Foundations of Complex-system Theories

Foundations of Complex-system Theories
Title Foundations of Complex-system Theories PDF eBook
Author Sunny Y. Auyang
Publisher Cambridge University Press
Pages 422
Release 1998
Genre Business & Economics
ISBN 9780521778268

Download Foundations of Complex-system Theories Book in PDF, Epub and Kindle

Analyzes approaches to the study of complexity in the physical, biological, and social sciences.
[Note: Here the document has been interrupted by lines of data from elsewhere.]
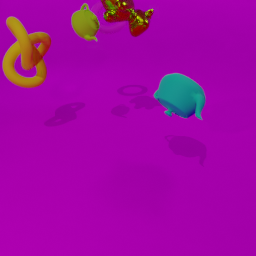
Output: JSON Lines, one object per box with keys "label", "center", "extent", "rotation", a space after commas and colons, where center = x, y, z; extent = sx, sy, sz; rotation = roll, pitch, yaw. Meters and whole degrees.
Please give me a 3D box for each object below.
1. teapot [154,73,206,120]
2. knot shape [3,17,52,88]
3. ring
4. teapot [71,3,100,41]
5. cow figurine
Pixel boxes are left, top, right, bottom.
{"label": "teapot", "center": [1.139, -0.620, 6.129], "extent": [1.088, 0.857, 1.751], "rotation": [36, -3, -35]}
{"label": "knot shape", "center": [-2.739, -2.135, 7.519], "extent": [0.842, 1.705, 1.822], "rotation": [2, 50, 11]}
{"label": "ring", "center": [-0.606, -3.574, 8.975], "extent": [1.287, 1.287, 0.257], "rotation": [2, -16, 4]}
{"label": "teapot", "center": [-1.026, -2.633, 7.115], "extent": [0.592, 1.210, 0.752], "rotation": [-23, -19, 32]}
{"label": "cow figurine", "center": [-0.083, -3.301, 7.632], "extent": [0.899, 1.637, 1.611], "rotation": [-28, 2, 36]}
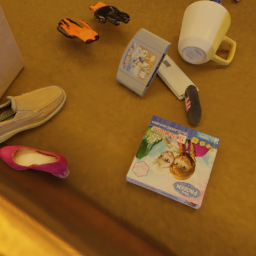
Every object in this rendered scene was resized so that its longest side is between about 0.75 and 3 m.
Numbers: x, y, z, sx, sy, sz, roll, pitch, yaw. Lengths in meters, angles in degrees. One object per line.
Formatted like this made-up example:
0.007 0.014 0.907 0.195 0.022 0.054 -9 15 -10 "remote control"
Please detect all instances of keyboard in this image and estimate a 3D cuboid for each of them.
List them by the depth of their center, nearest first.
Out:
1.218 -2.123 9.476 0.803 0.152 2.854 -24 65 -25 "keyboard"

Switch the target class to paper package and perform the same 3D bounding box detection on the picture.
-4.474 -1.933 8.039 1.372 2.528 2.652 17 61 9 "paper package"

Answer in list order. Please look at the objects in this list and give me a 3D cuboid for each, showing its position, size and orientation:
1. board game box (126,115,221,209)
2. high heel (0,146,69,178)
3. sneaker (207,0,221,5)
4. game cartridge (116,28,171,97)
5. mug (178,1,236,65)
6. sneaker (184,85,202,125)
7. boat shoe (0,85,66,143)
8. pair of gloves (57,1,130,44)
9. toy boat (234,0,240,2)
1.238 0.844 7.533 1.997 0.411 1.992 19 64 11 "board game box"
-2.555 0.754 7.333 2.092 1.003 0.705 21 61 12 "high heel"
3.560 -5.660 11.325 0.696 0.724 1.847 2 59 0 "sneaker"
0.391 -2.056 8.721 1.219 1.831 0.380 34 21 15 "game cartridge"
2.611 -3.003 9.325 1.989 1.593 1.633 16 68 16 "mug"
1.968 -0.667 8.559 0.432 0.505 1.231 -1 81 -3 "sneaker"
-3.089 -0.511 8.038 2.843 1.083 1.019 -36 65 -20 "boat shoe"
-1.212 -3.709 9.842 2.352 0.291 2.096 -34 52 -22 "pair of gloves"
4.388 -5.512 11.453 0.500 0.499 0.765 9 55 40 "toy boat"
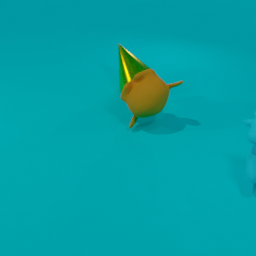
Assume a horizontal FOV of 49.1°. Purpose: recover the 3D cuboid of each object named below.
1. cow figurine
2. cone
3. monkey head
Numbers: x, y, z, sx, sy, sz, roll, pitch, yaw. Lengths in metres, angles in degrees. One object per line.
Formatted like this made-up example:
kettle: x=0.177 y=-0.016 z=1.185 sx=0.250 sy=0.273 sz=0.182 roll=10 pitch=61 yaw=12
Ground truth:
cow figurine: x=2.902 y=0.453 z=5.954 sx=0.823 sy=1.500 sz=1.476 roll=1 pitch=80 yaw=28
cone: x=0.008 y=-2.130 z=9.197 sx=1.362 sy=1.368 sz=1.362 roll=-26 pitch=17 yaw=8
monkey head: x=0.563 y=-0.917 z=7.823 sx=1.171 sy=1.943 sz=1.398 roll=50 pitch=18 yaw=4
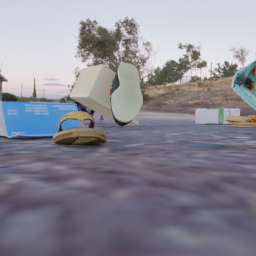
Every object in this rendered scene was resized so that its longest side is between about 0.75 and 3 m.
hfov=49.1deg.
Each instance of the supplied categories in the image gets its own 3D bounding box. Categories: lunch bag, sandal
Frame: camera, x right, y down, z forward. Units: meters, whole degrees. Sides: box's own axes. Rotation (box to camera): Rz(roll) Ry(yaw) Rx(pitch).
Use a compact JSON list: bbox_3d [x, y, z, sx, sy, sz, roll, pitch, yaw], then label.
[{"bbox_3d":[3.974,-0.767,6.291,2.958,1.804,2.520,8,7,30],"label":"lunch bag"},{"bbox_3d":[-0.692,-0.013,3.907,0.656,0.441,1.634,0,2,-12],"label":"sandal"}]

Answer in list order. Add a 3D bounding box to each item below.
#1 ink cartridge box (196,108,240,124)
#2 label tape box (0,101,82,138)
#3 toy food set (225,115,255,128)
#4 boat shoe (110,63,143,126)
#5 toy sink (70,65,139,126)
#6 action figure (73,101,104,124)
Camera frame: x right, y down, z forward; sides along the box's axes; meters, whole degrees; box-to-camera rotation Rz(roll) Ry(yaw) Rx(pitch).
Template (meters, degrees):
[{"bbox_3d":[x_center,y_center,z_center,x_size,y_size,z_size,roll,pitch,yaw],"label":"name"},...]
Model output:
[{"bbox_3d":[4.422,-0.570,13.770,1.823,0.765,1.320,-2,3,-37],"label":"ink cartridge box"},{"bbox_3d":[-1.812,-0.189,5.445,1.491,0.688,2.082,-2,1,-42],"label":"label tape box"},{"bbox_3d":[4.419,-0.243,9.915,1.742,0.424,1.725,1,2,33],"label":"toy food set"},{"bbox_3d":[-0.097,-0.949,8.509,0.915,2.500,0.784,13,-44,-12],"label":"boat shoe"},{"bbox_3d":[-0.617,-1.182,10.278,2.356,1.320,1.535,29,-11,-33],"label":"toy sink"},{"bbox_3d":[-2.307,-1.157,14.646,1.911,2.124,2.852,-6,16,5],"label":"action figure"}]
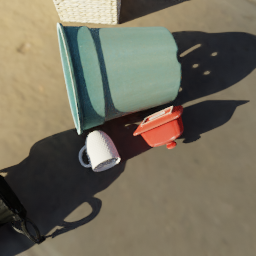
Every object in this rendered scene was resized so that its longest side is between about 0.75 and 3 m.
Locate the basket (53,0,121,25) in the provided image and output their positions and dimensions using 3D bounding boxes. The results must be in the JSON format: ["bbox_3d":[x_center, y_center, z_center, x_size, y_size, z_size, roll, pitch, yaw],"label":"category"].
[{"bbox_3d":[-1.361,-5.027,9.651,2.320,1.866,2.299,4,66,1],"label":"basket"}]

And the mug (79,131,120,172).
[{"bbox_3d":[-0.882,0.665,7.795,1.093,0.807,0.958,-30,67,10],"label":"mug"}]

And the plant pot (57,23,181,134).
[{"bbox_3d":[-0.261,-1.546,7.774,2.853,2.913,2.913,-13,67,-14],"label":"plant pot"}]

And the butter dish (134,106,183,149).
[{"bbox_3d":[1.024,0.097,7.762,1.394,1.391,1.031,-24,99,18],"label":"butter dish"}]

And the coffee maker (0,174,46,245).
[{"bbox_3d":[-4.083,2.378,6.345,2.996,2.018,2.878,-38,72,-14],"label":"coffee maker"}]
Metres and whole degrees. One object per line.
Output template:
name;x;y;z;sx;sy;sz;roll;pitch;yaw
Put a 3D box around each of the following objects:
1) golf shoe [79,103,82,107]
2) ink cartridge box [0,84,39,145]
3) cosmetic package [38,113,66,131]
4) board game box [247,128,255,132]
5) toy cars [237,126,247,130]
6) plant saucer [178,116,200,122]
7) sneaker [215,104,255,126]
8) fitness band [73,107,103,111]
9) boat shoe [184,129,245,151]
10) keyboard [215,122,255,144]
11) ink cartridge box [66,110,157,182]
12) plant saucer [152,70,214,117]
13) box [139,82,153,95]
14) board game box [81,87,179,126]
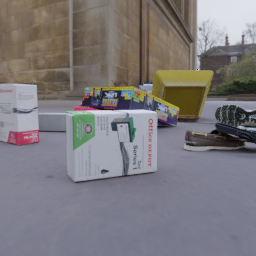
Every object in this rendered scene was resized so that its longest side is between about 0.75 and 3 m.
golf shoe;-1.873;-0.911;14.610;1.126;0.927;2.461;1;7;-20
ink cartridge box;-3.014;-0.400;7.626;1.131;1.562;0.659;6;9;40
cosmetic package;-2.447;-0.217;9.957;1.516;0.684;0.810;-1;5;13
board game box;4.437;0.103;9.496;0.756;0.110;0.509;4;7;26
toy cars;3.763;0.001;9.954;0.909;0.201;0.407;2;8;15
plant saucer;2.822;-0.428;13.356;1.181;0.216;1.181;0;8;0
sneaker;4.714;-0.378;11.432;2.259;0.885;1.016;10;-5;24
fitness band;-1.003;-0.396;10.694;2.222;0.416;1.596;12;-4;-10
boat shoe;2.124;0.256;6.764;1.609;0.479;0.578;-2;7;-13
keyboard;2.943;0.226;6.223;1.950;0.201;1.239;15;14;8
ink cartridge box;-0.252;0.237;4.616;1.433;1.047;0.604;-4;8;-23
plant saucer;2.676;-1.486;14.179;2.930;2.930;0.710;-1;44;-4
box;2.066;-1.686;15.770;2.734;1.569;1.807;3;17;11
board game box;0.148;-0.784;10.854;2.476;0.849;2.996;8;-5;42

Foundations of Computational Intelligence Volume 2

Foundations of Computational Intelligence Volume 2
Title Foundations of Computational Intelligence Volume 2 PDF eBook
Author Aboul-Ella Hassanien
Publisher Springer
Pages 313
Release 2009-05-27
Genre Technology & Engineering
ISBN 3642015336

Download Foundations of Computational Intelligence Volume 2 Book in PDF, Epub and Kindle

Foundations of Computational Intelligence Volume 2: Approximation Reasoning: Theoretical Foundations and Applications Human reasoning usually is very approximate and involves various types of - certainties. Approximate reasoning is the computational modelling of any part of the process used by humans to reason about natural phenomena or to solve real world problems. The scope of this book includes fuzzy sets, Dempster-Shafer theory, multi-valued logic, probability, random sets, and rough set, near set and hybrid intelligent systems. Besides research articles and expository papers on t- ory and algorithms of approximation reasoning, papers on numerical experiments and real world applications were also encouraged. This Volume comprises of 12 chapters including an overview chapter providing an up-to-date and state-of-the research on the applications of Computational Intelligence techniques for - proximation reasoning. The Volume is divided into 2 parts: Part-I: Approximate Reasoning – Theoretical Foundations Part-II: Approximate Reasoning – Success Stories and Real World Applications Part I on Approximate Reasoning – Theoretical Foundations contains four ch- ters that describe several approaches of fuzzy and Para consistent annotated logic approximation reasoning. In Chapter 1, “Fuzzy Sets, Near Sets, and Rough Sets for Your Computational Intelligence Toolbox” by Peters considers how a user might utilize fuzzy sets, near sets, and rough sets, taken separately or taken together in hybridizations as part of a computational intelligence toolbox. In multi-criteria decision making, it is necessary to aggregate (combine) utility values corresponding to several criteria (parameters).